In general you can't really be sure that messages will be received in the same order they're sent, even when they are sent in strictly sequential order - so it's generally best not to depend on strict ordering.

Could you describe a little more about your use case?

@krajj7
Copy link
Author

krajj7 commented May 9, 2024

As far as I know, raw Websockets do guarantee message order, since they use a single TCP connection. I believe Websocket libraries generally keep this property, which is why I thought Sente would do the same.

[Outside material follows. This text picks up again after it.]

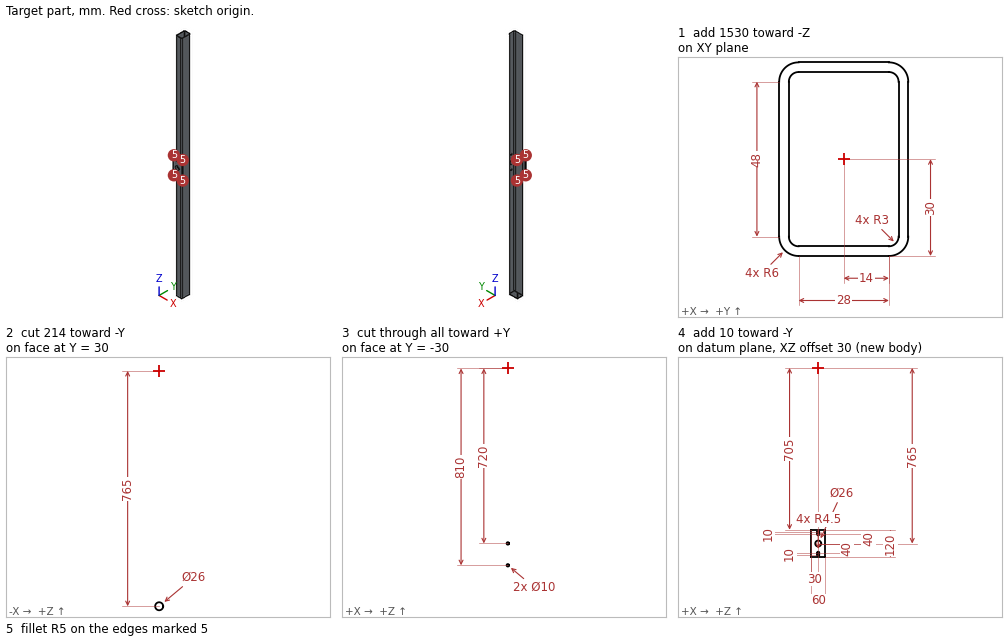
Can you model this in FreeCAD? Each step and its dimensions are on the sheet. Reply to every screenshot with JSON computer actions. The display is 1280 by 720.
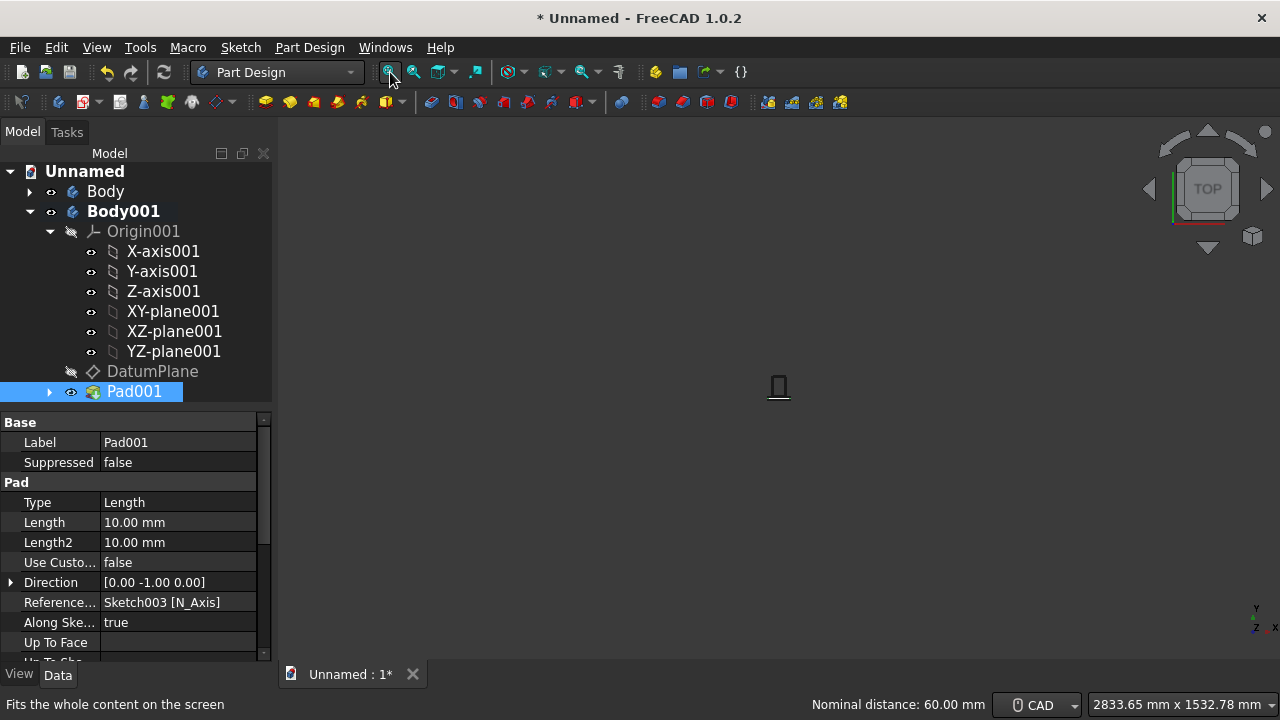
{"action": "key", "text": "0"}
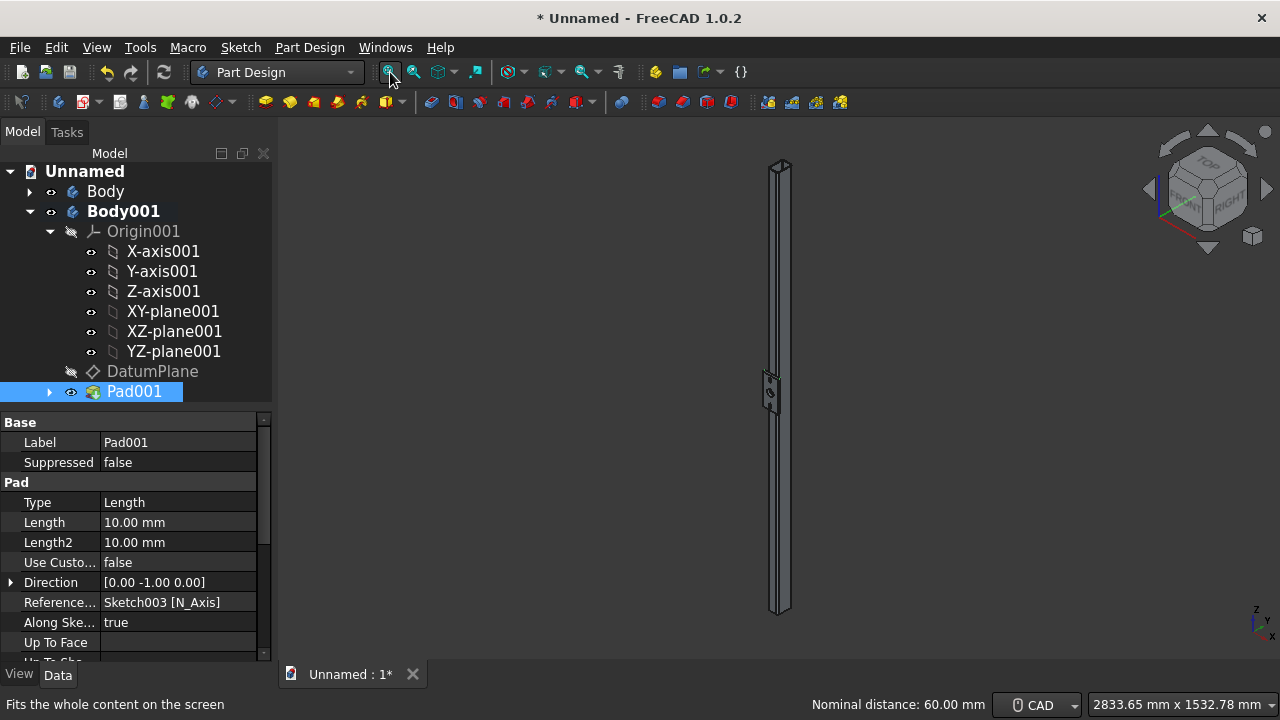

In my app I use Sente to synchronize some state between the server and the clients. If updates can arrive in random order that would make it a bit more difficult.

@ptaoussanis
Copy link
Member

Sente isn't a raw WebSocket library, it operates over both WebSockets and Ajax - and supports the same API over both. Which does mean embracing some limitations.

I've generally never had an issue with needing strict message ordering though- that's usually something that can be overcome without too much trouble at the application level.

Might depend on the details of your use-case though (so how precisely your state sychronization works).

@krajj7
Copy link
Author

krajj7 commented May 9, 2024

Understood, if ordering is deliberately not guaranteed that is fine.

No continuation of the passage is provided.